Addressing normal anatomy, the sphenoid bone forms the foundation of the central skull base. It forms the floor of the middle cranial fossa, provides structure for the cavernous sinus and a base for the pituitary gland. The shape of the sphenoid bone is bird-like with outstretched wings, being composed of the central body, two sets of wings (greater, lesser), and the medial and lateral pterygoid plates (inferiorly). Important foramina include the foramen rotundum, located medially in the anterior greater wing and containing the maxillary nerve (cranial nerve [CN] V2); the foramen ovale, located in the floor of the middle cranial fossa and containing the mandibular nerve (CN V3); and the foramen spinosum, located posterolateral to the foramen ovale and containing the middle meningeal artery and the meningeal branch of the mandibular nerve.
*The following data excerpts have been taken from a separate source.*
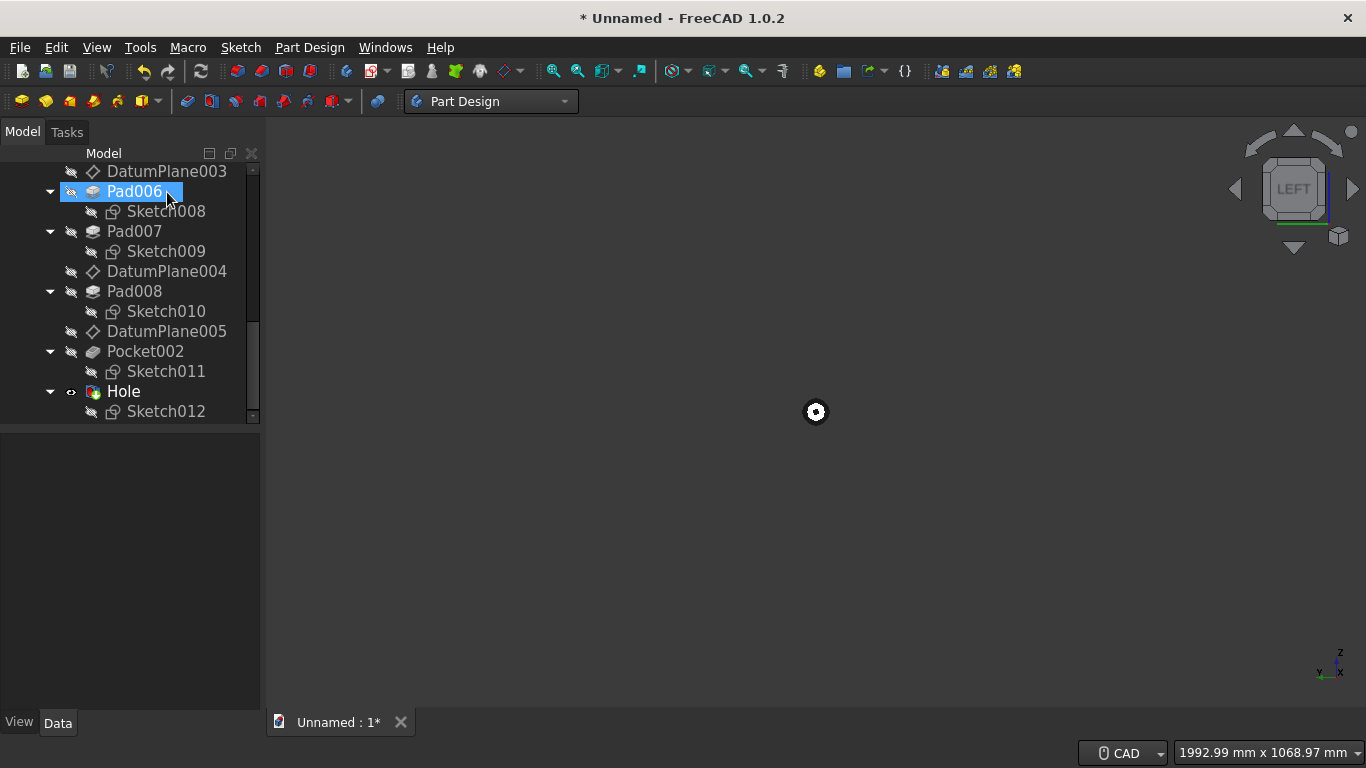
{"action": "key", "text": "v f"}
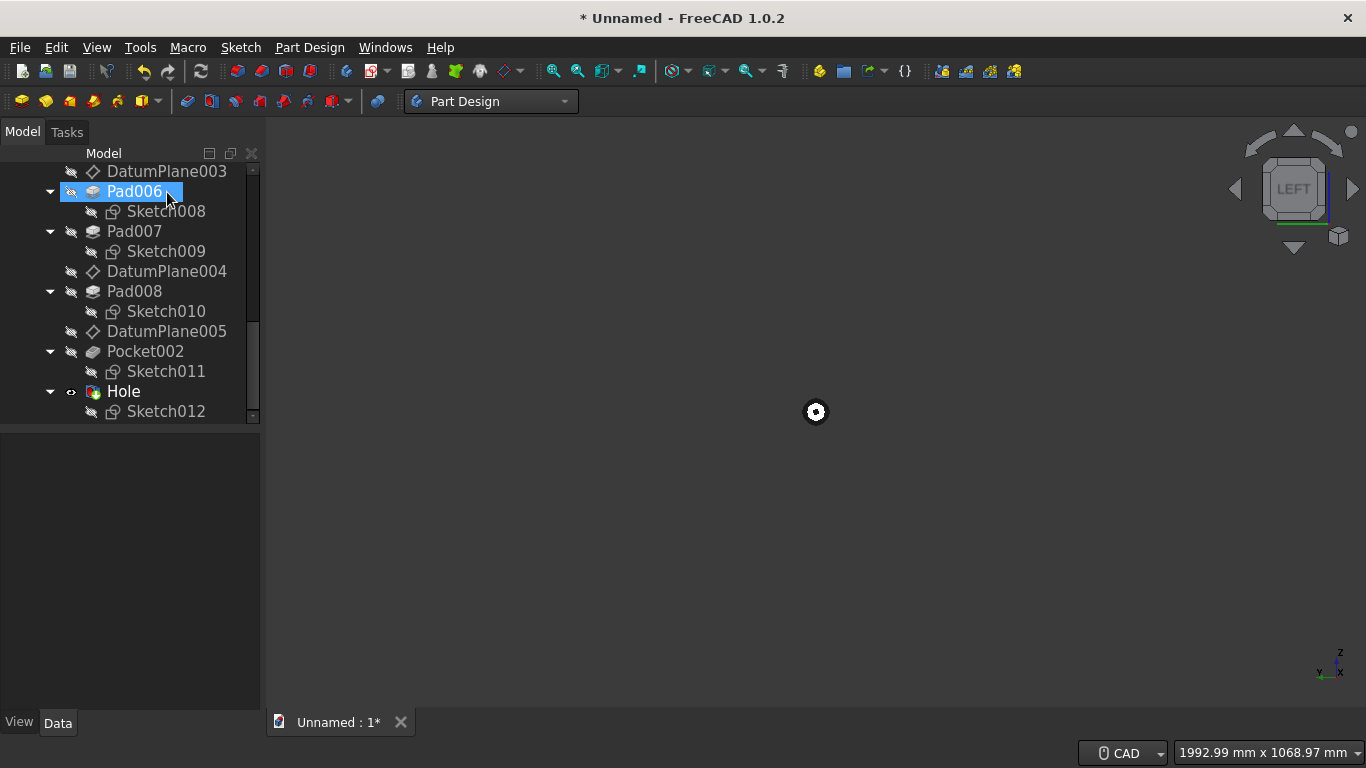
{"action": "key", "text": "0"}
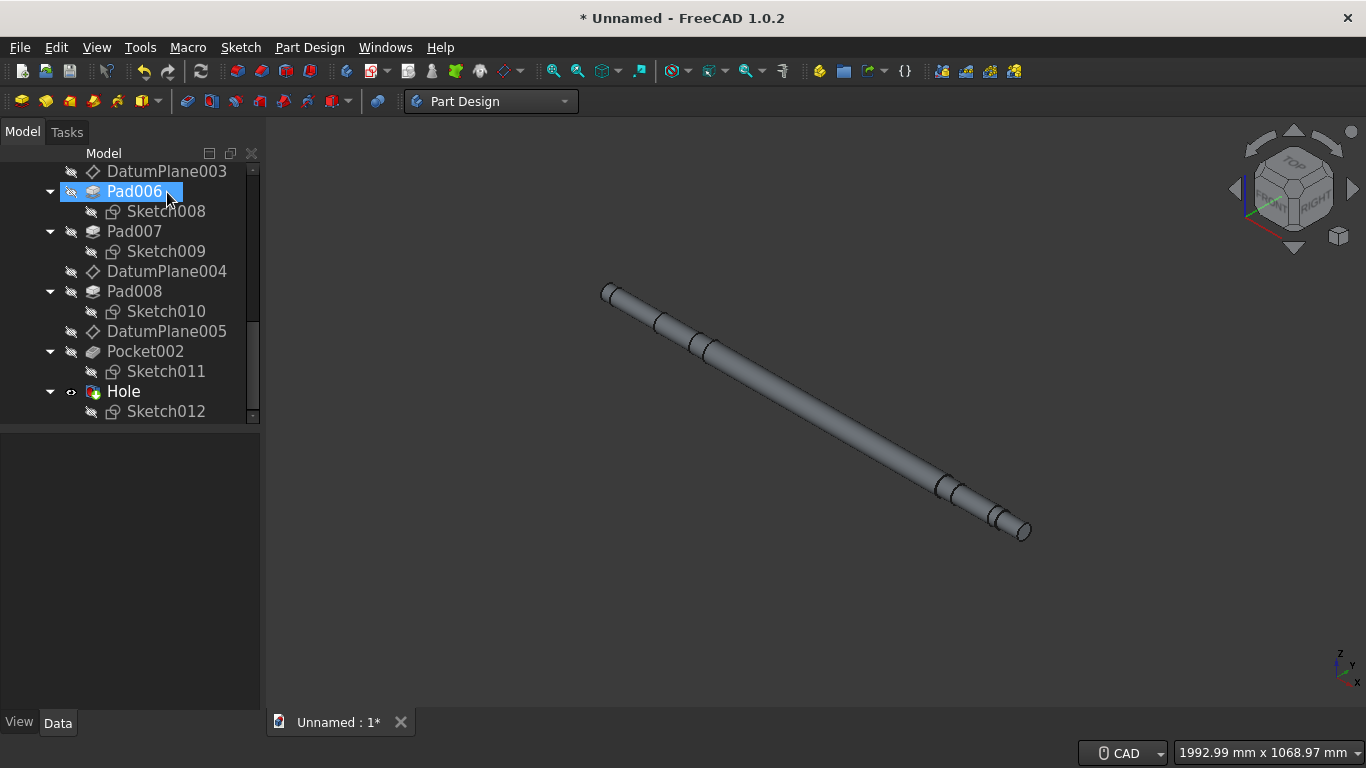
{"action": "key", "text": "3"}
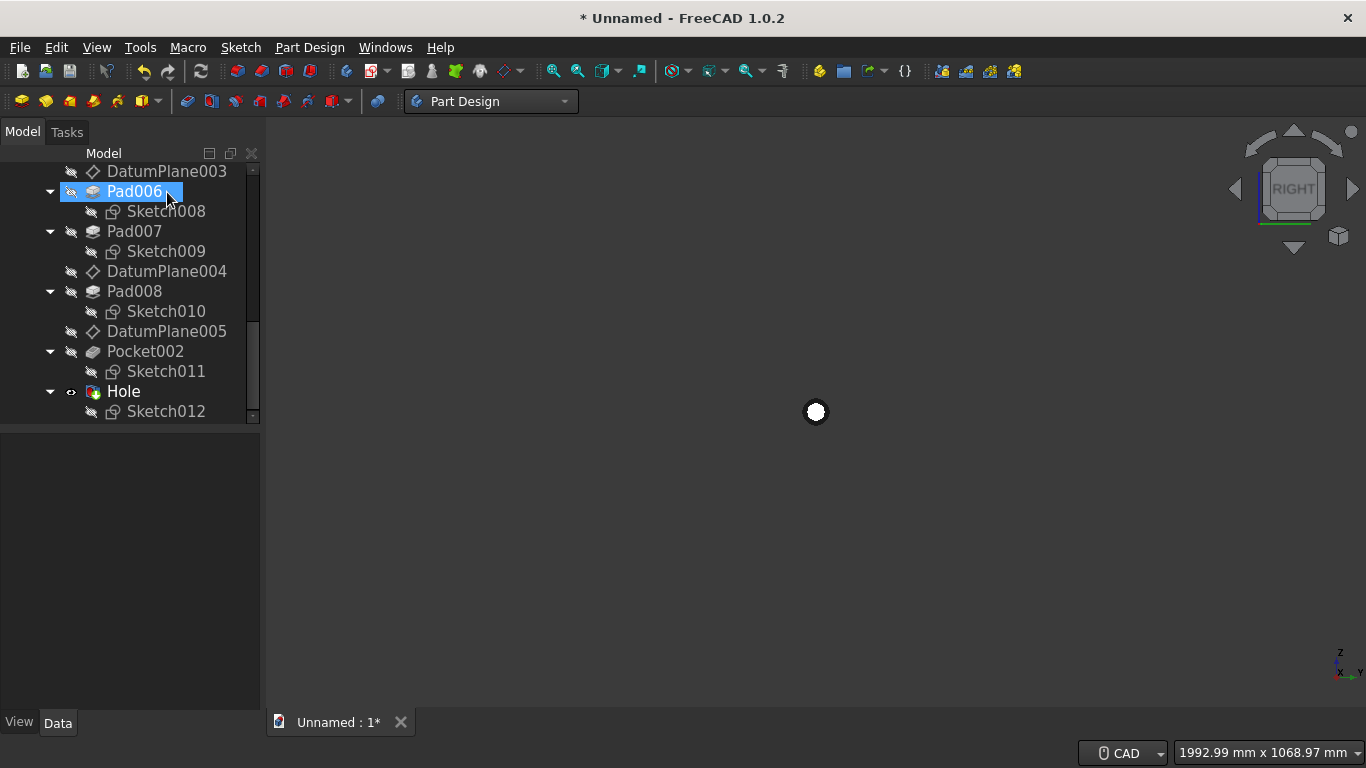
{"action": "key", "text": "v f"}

The cavernous sinus borders the pituitary gland on each side, and contains medially the internal carotid artery (ICA), with the abducens nerve (CN VI) just inferior and lateral to the ICA.

Laterally, the cavernous sinus contains (from superior to inferior) the oculomotor nerve (CN III), the trochlear nerve (CN IV), and the ophthalmic (CN V1) and maxillary (CN V2) divisions of the trigeminal nerve. Blood flows into the cavernous sinus from the superior and inferior ophthalmic veins, superficial cortical veins, and the sphenoparietal sinus. The drainage of the cavernous sinus is via the superior and inferior petrosal sinuses. The clivus is not properly a separate bone, but rather the gradual sloping bony process that extends from the dorsum sellae to the foramen magnum. The clivus thus includes a portion of the body of the sphenoid bone (basisphenoid) and the basilar (anterior) portion of the occipital bone (basiocciput).

The most important (common) developmental abnormality affecting the middle cranial fossa (and thus by proximity the skull base) is an arachnoid cyst, a lesion that can also be traumatic in origin. By definition, an arachnoid cyst contains cerebrospinal fluid (CSF). It can expand with time. Of all locations, for this entity, the middle cranial fossa is the most common. Bony changes may be present, including thinning and remodeling of the adjacent sphenoid wings.

Meningiomas are the most common benign skull base tumor. One-third of all meningiomas involve the skull base, with most of those involving the sphenoid wing. Bony hyperostosis is not uncommon. For lesions adjacent to the cavernous sinus, it should be kept in mind that sinus invasion is common. Other common locations for a meningioma include the olfactory groove and planum sphenoidale. Pituitary macroadenomas are discussed in depth in Chapter 1, but are relevant to the skull base and surrounding structures due to their propensity for cavernous sinus invasion and optic chiasm compression.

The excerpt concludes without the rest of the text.